The district court and the Fifth Circuit denied Steffel’s request on procedural grounds, so Steffel appealed to the Supreme Court.  Ultimately, the Supreme Court held that federal declaratory relief is available when “a federal plaintiff demonstrates a genuine threat of enforcement of a disputed criminal statute.” A plaintiff need not “expose himself to actual arrest or prosecution to be entitled to challenge a statute that he claims deters the exercise of his constitutional rights.” Although the case fizzled out on remand, the Court highlighted the credible fear posed by the arrest and prosecution of Steffel’s fellow protestors, which may have been dispositive if the case had continued. Clarifying the availability of declaratory relief in PECs, Steffel represents the Court upholding the use of the judiciary to proactively combat government overreach.  
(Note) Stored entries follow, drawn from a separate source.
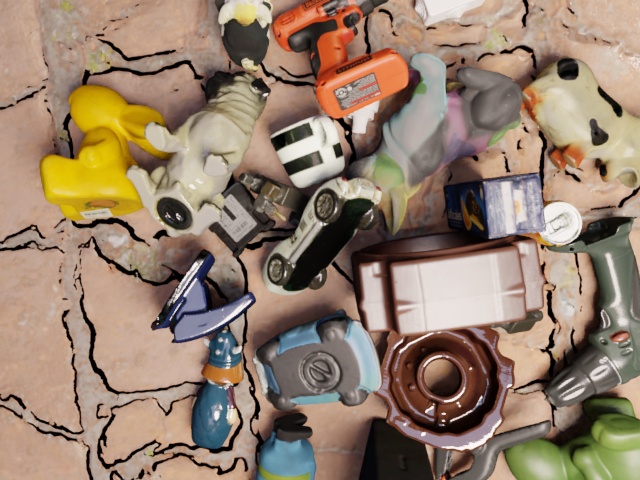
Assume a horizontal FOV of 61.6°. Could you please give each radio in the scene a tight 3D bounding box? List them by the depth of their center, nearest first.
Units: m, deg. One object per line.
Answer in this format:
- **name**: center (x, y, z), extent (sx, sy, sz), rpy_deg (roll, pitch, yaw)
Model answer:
- **radio**: center (0.084, 0.320, 0.633), extent (0.073, 0.229, 0.131), rpy_deg (12, 96, 4)

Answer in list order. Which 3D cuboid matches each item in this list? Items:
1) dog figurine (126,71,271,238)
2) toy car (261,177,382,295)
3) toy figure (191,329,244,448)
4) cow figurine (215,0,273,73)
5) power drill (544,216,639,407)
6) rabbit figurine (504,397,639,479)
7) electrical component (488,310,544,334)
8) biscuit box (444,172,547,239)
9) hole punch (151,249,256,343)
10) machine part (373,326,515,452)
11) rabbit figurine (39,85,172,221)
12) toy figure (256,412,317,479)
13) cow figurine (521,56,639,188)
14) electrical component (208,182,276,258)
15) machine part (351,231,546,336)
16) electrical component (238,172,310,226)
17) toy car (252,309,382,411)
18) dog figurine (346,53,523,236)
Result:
- **dog figurine**: center (-0.135, -0.110, 0.679), extent (0.121, 0.190, 0.172), rpy_deg (36, 129, -7)
- **toy car**: center (-0.001, -0.002, 0.664), extent (0.201, 0.073, 0.056), rpy_deg (-52, 47, 31)
- **toy figure**: center (-0.136, 0.195, 0.718), extent (0.064, 0.058, 0.154), rpy_deg (12, 87, -5)
- **cow figurine**: center (-0.091, -0.265, 0.644), extent (0.068, 0.167, 0.098), rpy_deg (0, 91, -4)
- **power drill**: center (0.366, 0.086, 0.694), extent (0.232, 0.086, 0.207), rpy_deg (-23, 88, 0)
- **rabbit figurine**: center (0.334, 0.291, 0.702), extent (0.170, 0.121, 0.159), rpy_deg (-14, 98, 20)
- **electrical component**: center (0.242, 0.090, 0.693), extent (0.094, 0.063, 0.021), rpy_deg (-4, 128, -30)
- **biscuit box**: center (0.196, -0.041, 0.629), extent (0.059, 0.202, 0.062), rpy_deg (-8, 94, 3)
- **hole punch**: center (-0.143, 0.085, 0.681), extent (0.092, 0.142, 0.116), rpy_deg (37, 81, -5)
- **machine part**: center (0.156, 0.176, 0.686), extent (0.179, 0.056, 0.179), rpy_deg (-3, 74, 9)
- **rabbit figurine**: center (-0.271, -0.124, 0.683), extent (0.162, 0.121, 0.173), rpy_deg (-12, 73, -2)
- **toy figure**: center (-0.051, 0.323, 0.710), extent (0.089, 0.082, 0.180), rpy_deg (5, 97, 11)
- **cow figurine**: center (0.352, -0.148, 0.686), extent (0.127, 0.085, 0.195), rpy_deg (-39, 90, 8)
- **electrical component**: center (-0.121, -0.043, 0.713), extent (0.075, 0.048, 0.119), rpy_deg (-38, 93, 2)
- **machine part**: center (0.140, 0.041, 0.633), extent (0.201, 0.201, 0.087), rpy_deg (-8, 96, 2)
- **electrical component**: center (-0.053, -0.050, 0.691), extent (0.078, 0.102, 0.045), rpy_deg (23, 92, 26)
- **toy car**: center (0.002, 0.152, 0.690), extent (0.162, 0.103, 0.109), rpy_deg (-17, 92, 17)
- **dog figurine**: center (0.139, -0.107, 0.680), extent (0.192, 0.108, 0.219), rpy_deg (15, 97, -2)

The 2014 case Susan B. Anthony List v. Driehaus provides further insight into the standing requirements for a PEC plaintiff. Another example of the Supreme Court protecting the freedom of speech through PECs, Susan B. Anthony List dealt with an Ohio law criminalizing false statements made during a political campaign. The plaintiff claimed restrictions on their expression and characterization of the Affordable Care Act and their assessment of what it meant to voters unconstitutionally restricted their First Amendment rights. Like in Steffel, the plaintiff in this case lost at both the trial and appellate levels. The issue on appeal was whether the question of ripeness was correctly decided. The Court held that a plaintiff may challenge a law before its enforcement if the plaintiff alleges “an intention to engage in a course of conduct arguably affected by a constitutional interest, but proscribed by a statute, and there exists a credible threat of prosecution.” This means that plaintiffs can bring a PEC if they intend to act in a way protected by the constitution, such as by engaging in free speech, but a statute seems to prohibit such conduct.


PECs are a vehicle for change, allowing plaintiffs to take the offensive against a state or federal government that has targeted the legal activities of a given party. In the context of crypto, the legislature has yet to provide a regulatory framework for digital assets, and in the meantime, agencies have brought numerous enforcement challenges raising more questions than answers about the current state of the law. They have created a hostile environment where U.S. digital asset industry participants do not know what is required to act lawfully and live in fear that they will be the next recipient of a subpoena or enforcement action. Although relatively unknown in this particular space, PECs are a reliable and battle-tested tool to create change through the judiciary. While Congress acts as if encircled by a deluge of molasses, PECs can cut through the malarkey and obtain meaningful answers for parties simply trying to express their constitutionally guaranteed rights.